Гельмут: «Все же ты вернешься вместе со мной».
Андреа и я оставляли каждый раз квартиру Гельмута и Вали со все большей грустью. Хотя Валя окружала нас при посещениях своим дружеским и, несмотря на сложные жизненные обстоятельства, неизбывным оптимизмом, нельзя было не видеть, как заметно Гельмут сдавал. Работу переводчика ему пришлось оставить несколько лет назад, и то, что он так долго сопротивляется очень тяжелой болезни, было на грани чуда. Теперь же его физическое и психологическое состояние вызывало тревогу.
Я пытался закрыть пробелы в моих знаниях о его жизни. Когда началось новое столетие и разговор продвигался только обрывками и то с помощью Вали, он передал мне, не ища более никаких слов, папку со своими записями и газетными вырезками, собранными им обо мне.
Это было его прощанием.
Алик
Через четыре года после нашего приезда в Москву я перешел из немецкой школы имени Карла Либкнехта в 110-ю русскую школу имени Фритьофа Нансена. Переход этот стал довольно резким переломом в моей жизни. В первом же диктанте по русскому языку я сделал более тридцати ошибок и тем самым значительно понизил средний уровень показателей своего восьмого класса. Тем не менее, мои соученики и учителя приняли меня, сына эмигрантов и кое-как ассимилированного москвича, по-дружески.
Через полгода, в 1938 году, мне исполнилось пятнадцать. Это был возраст, который требовался для вступления в Комсомол -Коммунистический союз молодежи. На общем собрании, где решался этот вопрос, произошел случай, характерный для тех лет, когда недоверие было главным признаком времени. Ученица старшего класса спросила меня о моем отце. Он находился в это время во Франции, откуда безуспешно пытался пробраться к Интернациональным бригадам в Испанию. После моего ответа ученица, задавшая вопрос, выступила против моего приема «из-за неясных обстоятельств». Тем не менее, голосование прошло в мою пользу, я был принят всего лишь с одним голосом «против».
Очень быстро я втянулся в активную жизнь нашего класса и стал в нем «своим». Вне школы наша жизнь по большей части проходила в компании из пяти или шести довольно бойких ребят. С некоторыми из девушек мы поддерживали более или менее тесные отношения. Хотя мы во многом отличались как по семейному и социальному положению наших родителей, так и по склонностям наших характеров, в свободное время мы многое делали совместно. Алик был интеллектуалом и мечтателем. Однако меня больше притягивали Володя и Юра, склонные к рациональности и увлекавшиеся спортом. Нас связывали многочисленные совместные приключения. На вечеринках состоялось также первое неизбежное в России знакомство с алкоголем. Наша дружба становилась все более тесной, и чем дальше, тем больше нам казалось, что это надолго.

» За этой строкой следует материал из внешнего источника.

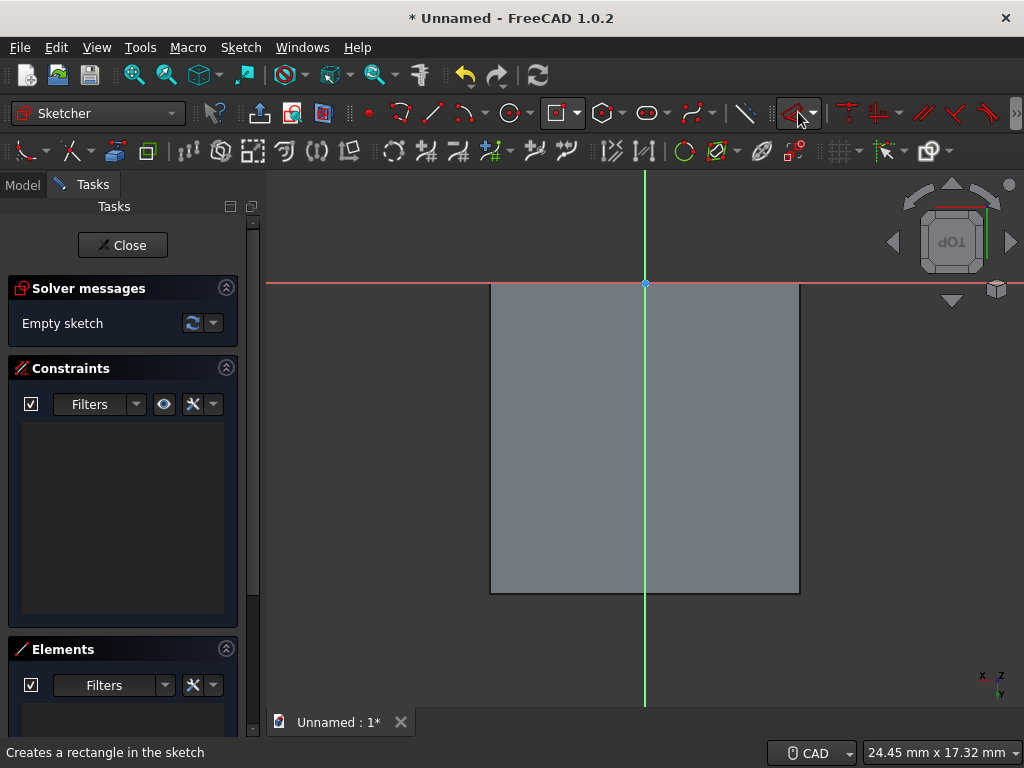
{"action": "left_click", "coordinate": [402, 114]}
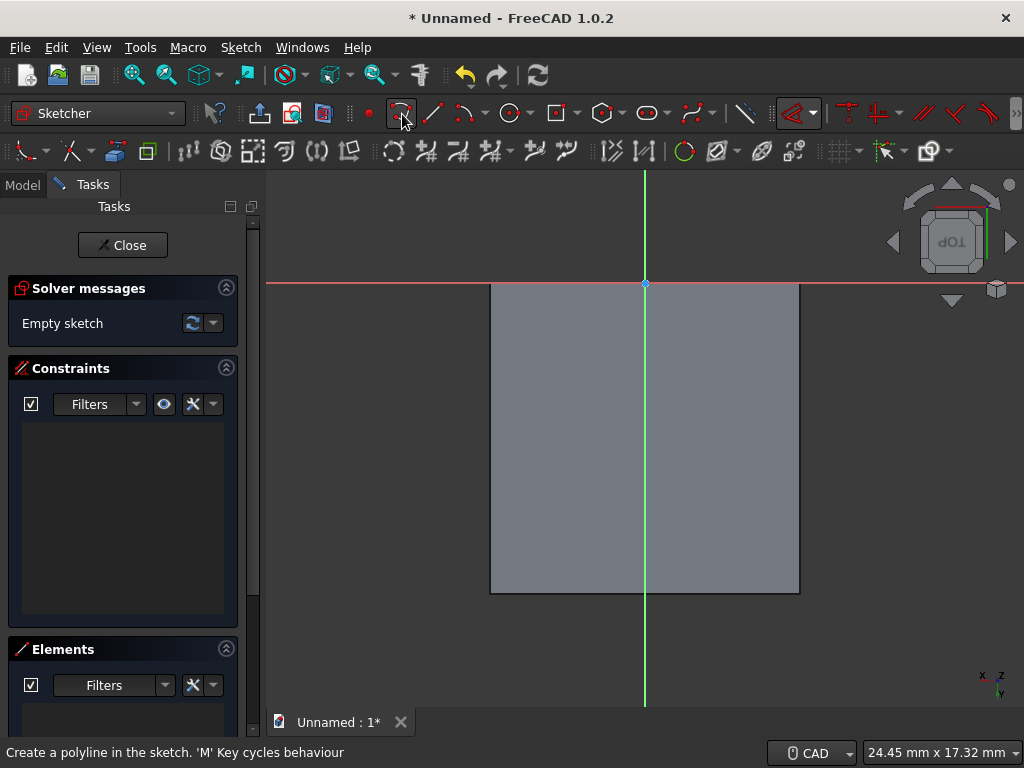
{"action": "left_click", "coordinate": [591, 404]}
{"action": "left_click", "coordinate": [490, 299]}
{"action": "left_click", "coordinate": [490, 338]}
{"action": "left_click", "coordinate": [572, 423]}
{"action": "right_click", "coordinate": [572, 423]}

Однако окончание школы разделило нас. Кроме меня всем исполнилось по восемнадцать, их призвали в армию и разбросали по огромной стране. Я был единственным 1923 года рождения допризывником, и без вступительных экзаменов, как окончивший школу с отличием, поступил в Московский авиационный институт -предел мечтаний многих. Близкие друзья писали мне письма. Как и многое в нашей будущей жизни, их военная карьера определялась волею случая. Алик писал мне из военного училища, Саша попал солдатом в стройбат на новую границу с Польшей, занятую немецким вермахтом, к письму Олега, с которым я сидел до последнего класса на одной парте, с Дальнего Востока была приложена его фотография в форме моряка Тихоокеанского флота. Тяжелым ударом для меня было известие, полученное после войны, что он погиб в апреле 1945 года во время последних боев за Берлин.
При каждом посещении Москвы я проезжаю мимо небольшого памятника, который создал после войны другой наш соученик, скульптор, в память о тех, кто не вернулся с войны, и думаю об Олеге - на цоколе указано и его имя.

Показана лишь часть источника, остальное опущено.